Description of the task: Where an entry contains a picture, omit the picture and repeat the rest exactly.
/---
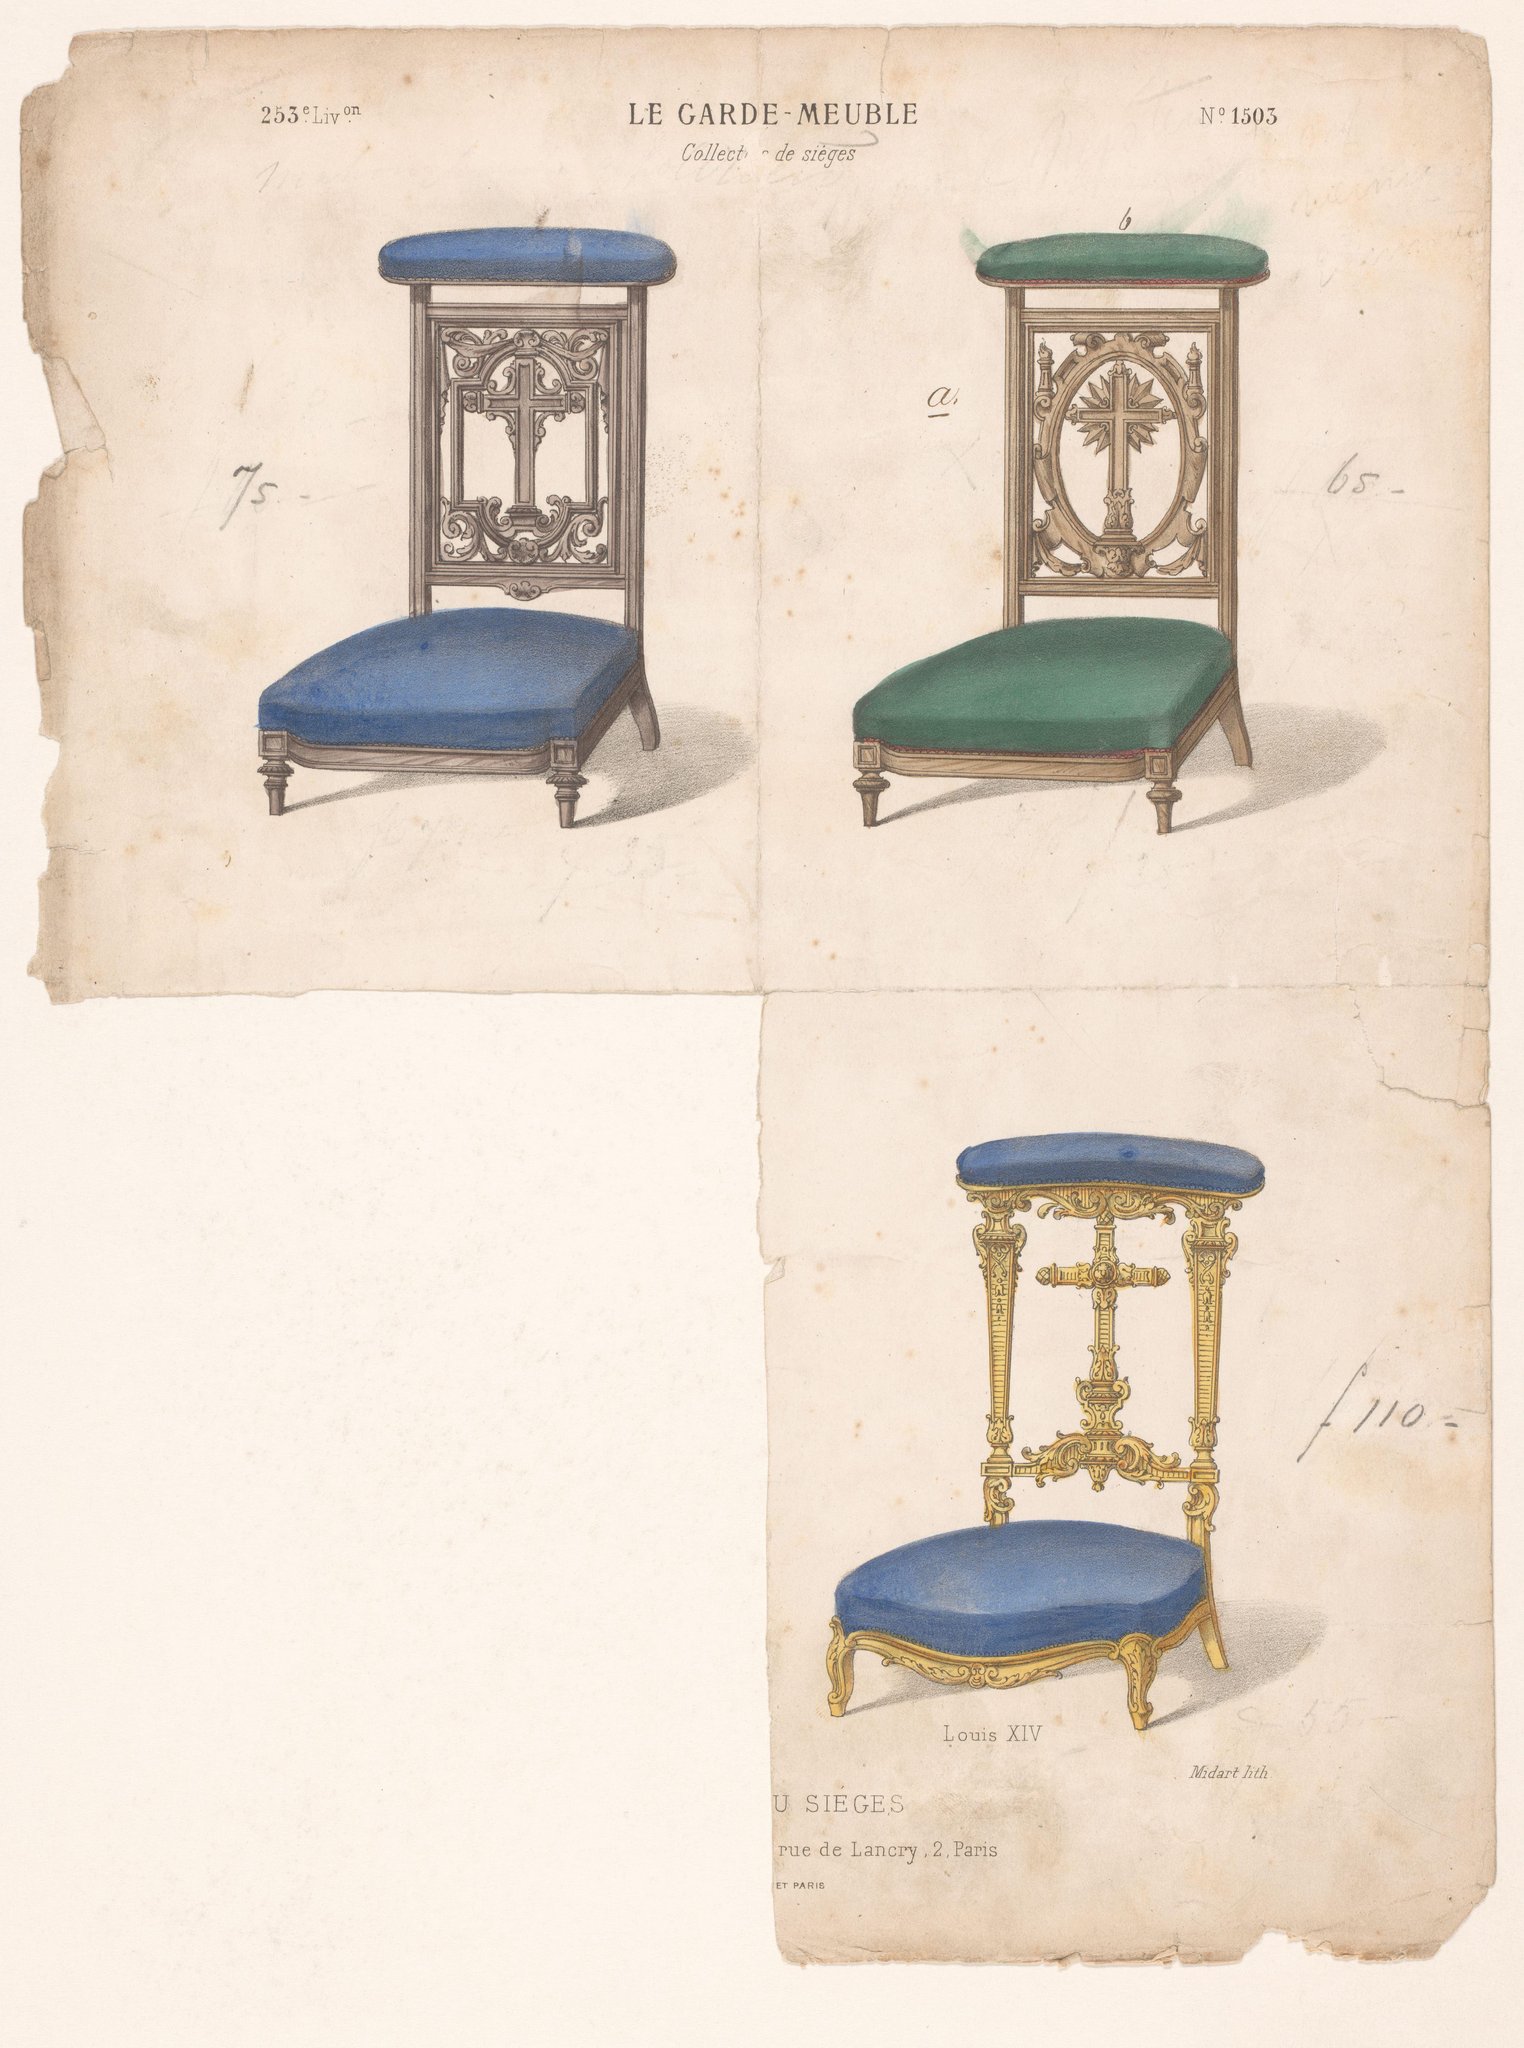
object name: print
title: Drie bidstoelen
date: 1839-1885
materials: paper
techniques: hand coloring, lithograph
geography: paris
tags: seating furniture
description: Ieder Livraison in de serie Le Garde-Meuble bevat negen platen: drie 'sièges' (zitmeubels), drie 'meubles' (diverse meubels zoals tafels en kasten) en drie 'tentures' (gordijnen en draperieën).
\---
Answer space:
object name: print
title: Drie bidstoelen
date: 1839-1885
materials: paper
techniques: hand coloring, lithograph
geography: paris
tags: seating furniture
description: Ieder Livraison in de serie Le Garde-Meuble bevat negen platen: drie 'sièges' (zitmeubels), drie 'meubles' (diverse meubels zoals tafels en kasten) en drie 'tentures' (gordijnen en draperieën).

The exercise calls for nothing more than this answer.